WORK ORDER: Among the following entries, count the lines that contain "sweep" and report only the result.

DATASET EXTRACT:
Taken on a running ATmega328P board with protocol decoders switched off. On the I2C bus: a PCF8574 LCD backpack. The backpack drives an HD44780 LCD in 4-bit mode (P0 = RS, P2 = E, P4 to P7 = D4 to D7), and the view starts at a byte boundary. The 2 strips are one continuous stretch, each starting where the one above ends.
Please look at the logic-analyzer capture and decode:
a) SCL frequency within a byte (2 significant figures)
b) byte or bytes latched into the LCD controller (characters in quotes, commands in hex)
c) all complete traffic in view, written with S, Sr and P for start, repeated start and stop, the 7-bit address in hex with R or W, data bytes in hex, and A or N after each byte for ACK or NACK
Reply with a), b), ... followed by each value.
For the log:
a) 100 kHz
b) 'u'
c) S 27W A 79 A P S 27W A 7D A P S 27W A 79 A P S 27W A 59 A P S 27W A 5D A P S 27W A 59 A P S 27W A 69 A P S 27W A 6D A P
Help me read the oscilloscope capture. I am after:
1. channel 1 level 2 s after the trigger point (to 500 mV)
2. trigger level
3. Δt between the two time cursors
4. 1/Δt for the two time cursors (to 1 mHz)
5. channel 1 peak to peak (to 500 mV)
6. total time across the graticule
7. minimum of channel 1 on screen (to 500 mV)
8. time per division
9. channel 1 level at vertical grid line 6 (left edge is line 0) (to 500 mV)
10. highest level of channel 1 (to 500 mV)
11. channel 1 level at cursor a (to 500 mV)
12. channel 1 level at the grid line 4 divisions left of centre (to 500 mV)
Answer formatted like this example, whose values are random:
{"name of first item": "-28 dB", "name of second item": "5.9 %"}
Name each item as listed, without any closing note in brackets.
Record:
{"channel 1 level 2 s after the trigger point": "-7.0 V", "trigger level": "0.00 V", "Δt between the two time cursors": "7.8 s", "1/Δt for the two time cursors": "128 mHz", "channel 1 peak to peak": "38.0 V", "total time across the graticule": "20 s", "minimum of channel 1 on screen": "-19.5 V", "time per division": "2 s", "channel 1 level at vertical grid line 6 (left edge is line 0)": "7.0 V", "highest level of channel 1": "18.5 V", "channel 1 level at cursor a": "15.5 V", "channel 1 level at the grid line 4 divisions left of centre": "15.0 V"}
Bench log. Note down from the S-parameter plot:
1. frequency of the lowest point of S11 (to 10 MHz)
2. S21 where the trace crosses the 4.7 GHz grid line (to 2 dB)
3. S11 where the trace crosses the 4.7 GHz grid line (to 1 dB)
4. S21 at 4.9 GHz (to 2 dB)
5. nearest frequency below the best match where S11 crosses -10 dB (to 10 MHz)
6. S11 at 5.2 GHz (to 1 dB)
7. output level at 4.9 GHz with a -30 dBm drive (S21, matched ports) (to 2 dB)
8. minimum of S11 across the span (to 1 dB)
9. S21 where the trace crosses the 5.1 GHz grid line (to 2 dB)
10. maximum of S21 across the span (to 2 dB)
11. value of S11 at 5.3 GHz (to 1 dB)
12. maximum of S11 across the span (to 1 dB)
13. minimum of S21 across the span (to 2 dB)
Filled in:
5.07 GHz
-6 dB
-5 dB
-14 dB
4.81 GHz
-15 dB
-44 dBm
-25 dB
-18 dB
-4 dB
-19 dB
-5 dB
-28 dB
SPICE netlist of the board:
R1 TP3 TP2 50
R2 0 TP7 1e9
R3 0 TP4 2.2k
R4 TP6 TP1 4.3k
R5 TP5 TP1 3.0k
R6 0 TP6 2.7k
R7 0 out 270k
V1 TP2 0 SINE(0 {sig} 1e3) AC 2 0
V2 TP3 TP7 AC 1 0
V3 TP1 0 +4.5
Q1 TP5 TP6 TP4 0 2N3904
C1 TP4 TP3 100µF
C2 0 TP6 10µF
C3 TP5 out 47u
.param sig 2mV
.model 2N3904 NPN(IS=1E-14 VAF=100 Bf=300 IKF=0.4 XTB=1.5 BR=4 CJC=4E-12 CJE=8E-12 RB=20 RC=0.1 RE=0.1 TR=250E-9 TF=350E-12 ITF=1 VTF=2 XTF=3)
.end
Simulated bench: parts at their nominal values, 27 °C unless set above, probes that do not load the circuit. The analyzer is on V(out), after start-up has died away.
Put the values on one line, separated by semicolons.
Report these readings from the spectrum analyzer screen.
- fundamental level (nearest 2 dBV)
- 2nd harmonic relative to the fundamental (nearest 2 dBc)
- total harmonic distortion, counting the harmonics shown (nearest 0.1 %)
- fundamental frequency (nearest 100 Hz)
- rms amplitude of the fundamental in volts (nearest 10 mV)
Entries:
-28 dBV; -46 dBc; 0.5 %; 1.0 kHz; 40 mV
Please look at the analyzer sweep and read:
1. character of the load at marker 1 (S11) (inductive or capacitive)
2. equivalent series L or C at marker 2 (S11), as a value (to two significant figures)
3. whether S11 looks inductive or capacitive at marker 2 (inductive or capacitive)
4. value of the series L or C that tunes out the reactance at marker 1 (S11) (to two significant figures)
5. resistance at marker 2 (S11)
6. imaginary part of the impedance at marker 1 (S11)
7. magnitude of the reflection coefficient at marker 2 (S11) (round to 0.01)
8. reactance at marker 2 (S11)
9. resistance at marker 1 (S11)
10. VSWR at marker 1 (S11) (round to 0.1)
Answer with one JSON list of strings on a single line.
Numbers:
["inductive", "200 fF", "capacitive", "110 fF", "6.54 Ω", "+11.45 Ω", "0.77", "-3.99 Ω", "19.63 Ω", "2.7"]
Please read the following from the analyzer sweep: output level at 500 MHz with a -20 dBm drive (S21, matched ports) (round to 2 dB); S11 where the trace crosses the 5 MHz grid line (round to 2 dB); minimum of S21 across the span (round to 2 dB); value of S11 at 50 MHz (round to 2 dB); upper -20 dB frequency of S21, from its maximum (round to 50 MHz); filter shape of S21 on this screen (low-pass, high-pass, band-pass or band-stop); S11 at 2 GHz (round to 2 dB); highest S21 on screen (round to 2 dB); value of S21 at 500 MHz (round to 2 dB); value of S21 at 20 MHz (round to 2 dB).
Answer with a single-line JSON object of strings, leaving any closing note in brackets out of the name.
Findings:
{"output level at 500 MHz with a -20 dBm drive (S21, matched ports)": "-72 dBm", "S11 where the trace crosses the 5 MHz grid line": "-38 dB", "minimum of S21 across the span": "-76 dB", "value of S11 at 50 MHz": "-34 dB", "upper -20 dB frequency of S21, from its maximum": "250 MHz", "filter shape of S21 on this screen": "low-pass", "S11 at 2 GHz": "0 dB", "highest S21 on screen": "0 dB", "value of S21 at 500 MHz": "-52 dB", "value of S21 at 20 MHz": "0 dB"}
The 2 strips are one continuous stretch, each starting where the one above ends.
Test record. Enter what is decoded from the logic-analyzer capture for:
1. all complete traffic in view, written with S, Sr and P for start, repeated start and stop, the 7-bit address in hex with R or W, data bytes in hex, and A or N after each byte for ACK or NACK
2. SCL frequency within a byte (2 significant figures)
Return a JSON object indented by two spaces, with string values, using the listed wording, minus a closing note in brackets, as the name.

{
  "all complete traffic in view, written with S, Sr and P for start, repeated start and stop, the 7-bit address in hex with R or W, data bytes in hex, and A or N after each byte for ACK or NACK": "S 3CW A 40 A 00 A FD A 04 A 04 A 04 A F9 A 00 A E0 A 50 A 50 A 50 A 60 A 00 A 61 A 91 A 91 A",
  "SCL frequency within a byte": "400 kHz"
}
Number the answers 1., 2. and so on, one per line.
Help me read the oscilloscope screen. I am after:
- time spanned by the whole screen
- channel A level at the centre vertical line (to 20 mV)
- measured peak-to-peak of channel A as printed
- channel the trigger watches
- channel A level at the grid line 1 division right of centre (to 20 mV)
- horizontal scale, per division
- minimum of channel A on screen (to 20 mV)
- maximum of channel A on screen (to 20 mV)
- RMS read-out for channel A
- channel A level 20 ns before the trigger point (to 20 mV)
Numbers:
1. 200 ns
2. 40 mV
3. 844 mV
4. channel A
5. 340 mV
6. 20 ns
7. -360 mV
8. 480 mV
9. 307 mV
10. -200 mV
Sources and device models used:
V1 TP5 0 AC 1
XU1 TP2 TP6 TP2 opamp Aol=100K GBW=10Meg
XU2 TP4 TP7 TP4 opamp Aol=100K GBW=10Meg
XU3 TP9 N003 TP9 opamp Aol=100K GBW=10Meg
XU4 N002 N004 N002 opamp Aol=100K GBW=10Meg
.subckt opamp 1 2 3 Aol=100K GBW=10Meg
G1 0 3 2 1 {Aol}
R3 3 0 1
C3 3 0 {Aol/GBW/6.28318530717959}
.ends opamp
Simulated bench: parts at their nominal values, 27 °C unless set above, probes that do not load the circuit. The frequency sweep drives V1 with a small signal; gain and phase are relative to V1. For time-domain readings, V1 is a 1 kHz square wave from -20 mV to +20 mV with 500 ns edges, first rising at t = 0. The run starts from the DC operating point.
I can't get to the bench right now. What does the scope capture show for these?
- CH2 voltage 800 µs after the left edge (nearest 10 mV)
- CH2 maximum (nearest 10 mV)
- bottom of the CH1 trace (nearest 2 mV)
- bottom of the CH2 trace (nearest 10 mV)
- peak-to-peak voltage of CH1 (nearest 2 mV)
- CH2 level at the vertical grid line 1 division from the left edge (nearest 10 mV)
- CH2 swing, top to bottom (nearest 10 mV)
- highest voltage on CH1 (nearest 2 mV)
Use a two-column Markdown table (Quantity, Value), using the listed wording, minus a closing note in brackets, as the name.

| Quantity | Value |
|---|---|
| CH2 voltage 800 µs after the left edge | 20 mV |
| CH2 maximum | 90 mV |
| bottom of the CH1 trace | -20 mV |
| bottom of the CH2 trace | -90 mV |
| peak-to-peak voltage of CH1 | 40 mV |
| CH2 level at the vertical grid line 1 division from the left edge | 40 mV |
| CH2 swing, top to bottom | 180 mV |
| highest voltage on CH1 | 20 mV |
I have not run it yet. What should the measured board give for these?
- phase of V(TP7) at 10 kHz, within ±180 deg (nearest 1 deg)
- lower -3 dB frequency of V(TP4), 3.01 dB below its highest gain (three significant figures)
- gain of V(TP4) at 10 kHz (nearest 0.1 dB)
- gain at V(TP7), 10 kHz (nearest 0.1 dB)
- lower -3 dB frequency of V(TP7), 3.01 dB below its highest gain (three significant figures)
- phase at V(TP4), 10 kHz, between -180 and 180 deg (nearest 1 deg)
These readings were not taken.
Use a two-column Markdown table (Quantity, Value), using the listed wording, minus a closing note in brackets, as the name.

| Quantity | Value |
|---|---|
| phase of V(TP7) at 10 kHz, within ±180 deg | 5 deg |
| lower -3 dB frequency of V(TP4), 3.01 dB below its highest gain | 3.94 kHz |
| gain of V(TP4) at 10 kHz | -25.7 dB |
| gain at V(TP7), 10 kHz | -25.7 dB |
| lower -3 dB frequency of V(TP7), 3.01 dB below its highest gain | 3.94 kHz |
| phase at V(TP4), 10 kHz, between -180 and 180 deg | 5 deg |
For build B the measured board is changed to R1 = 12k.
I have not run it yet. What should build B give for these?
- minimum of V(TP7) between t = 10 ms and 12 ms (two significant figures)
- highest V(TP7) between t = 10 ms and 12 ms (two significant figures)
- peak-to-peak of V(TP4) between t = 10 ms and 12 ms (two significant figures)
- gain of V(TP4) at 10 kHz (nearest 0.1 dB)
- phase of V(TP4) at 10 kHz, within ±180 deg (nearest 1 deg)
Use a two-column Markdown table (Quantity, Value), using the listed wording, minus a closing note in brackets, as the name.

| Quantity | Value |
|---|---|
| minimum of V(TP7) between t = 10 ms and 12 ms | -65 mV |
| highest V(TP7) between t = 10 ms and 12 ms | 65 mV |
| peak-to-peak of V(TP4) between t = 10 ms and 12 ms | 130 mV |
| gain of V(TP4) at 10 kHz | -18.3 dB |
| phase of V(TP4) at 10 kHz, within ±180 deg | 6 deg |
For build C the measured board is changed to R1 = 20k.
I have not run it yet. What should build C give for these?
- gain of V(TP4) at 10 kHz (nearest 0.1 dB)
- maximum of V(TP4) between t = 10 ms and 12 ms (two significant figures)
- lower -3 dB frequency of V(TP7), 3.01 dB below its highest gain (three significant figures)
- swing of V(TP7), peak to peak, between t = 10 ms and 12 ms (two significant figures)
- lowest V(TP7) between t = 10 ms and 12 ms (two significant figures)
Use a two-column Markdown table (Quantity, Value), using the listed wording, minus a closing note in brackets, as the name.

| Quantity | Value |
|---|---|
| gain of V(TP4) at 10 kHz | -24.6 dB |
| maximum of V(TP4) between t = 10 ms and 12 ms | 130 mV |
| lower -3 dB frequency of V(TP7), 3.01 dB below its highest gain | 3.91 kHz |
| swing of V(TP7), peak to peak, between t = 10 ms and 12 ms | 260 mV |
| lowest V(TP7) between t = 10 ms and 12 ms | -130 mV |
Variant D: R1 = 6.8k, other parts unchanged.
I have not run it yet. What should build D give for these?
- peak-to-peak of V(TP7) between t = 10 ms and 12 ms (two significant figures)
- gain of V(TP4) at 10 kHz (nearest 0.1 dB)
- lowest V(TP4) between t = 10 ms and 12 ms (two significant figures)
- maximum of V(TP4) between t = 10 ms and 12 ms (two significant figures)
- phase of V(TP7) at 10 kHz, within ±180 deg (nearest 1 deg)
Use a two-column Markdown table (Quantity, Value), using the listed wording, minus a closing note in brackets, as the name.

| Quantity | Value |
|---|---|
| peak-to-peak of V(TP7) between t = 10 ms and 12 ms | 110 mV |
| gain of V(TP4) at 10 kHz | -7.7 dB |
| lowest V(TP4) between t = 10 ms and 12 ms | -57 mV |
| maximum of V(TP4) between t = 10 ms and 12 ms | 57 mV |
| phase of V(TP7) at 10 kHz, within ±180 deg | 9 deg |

TASK ANSWER: 3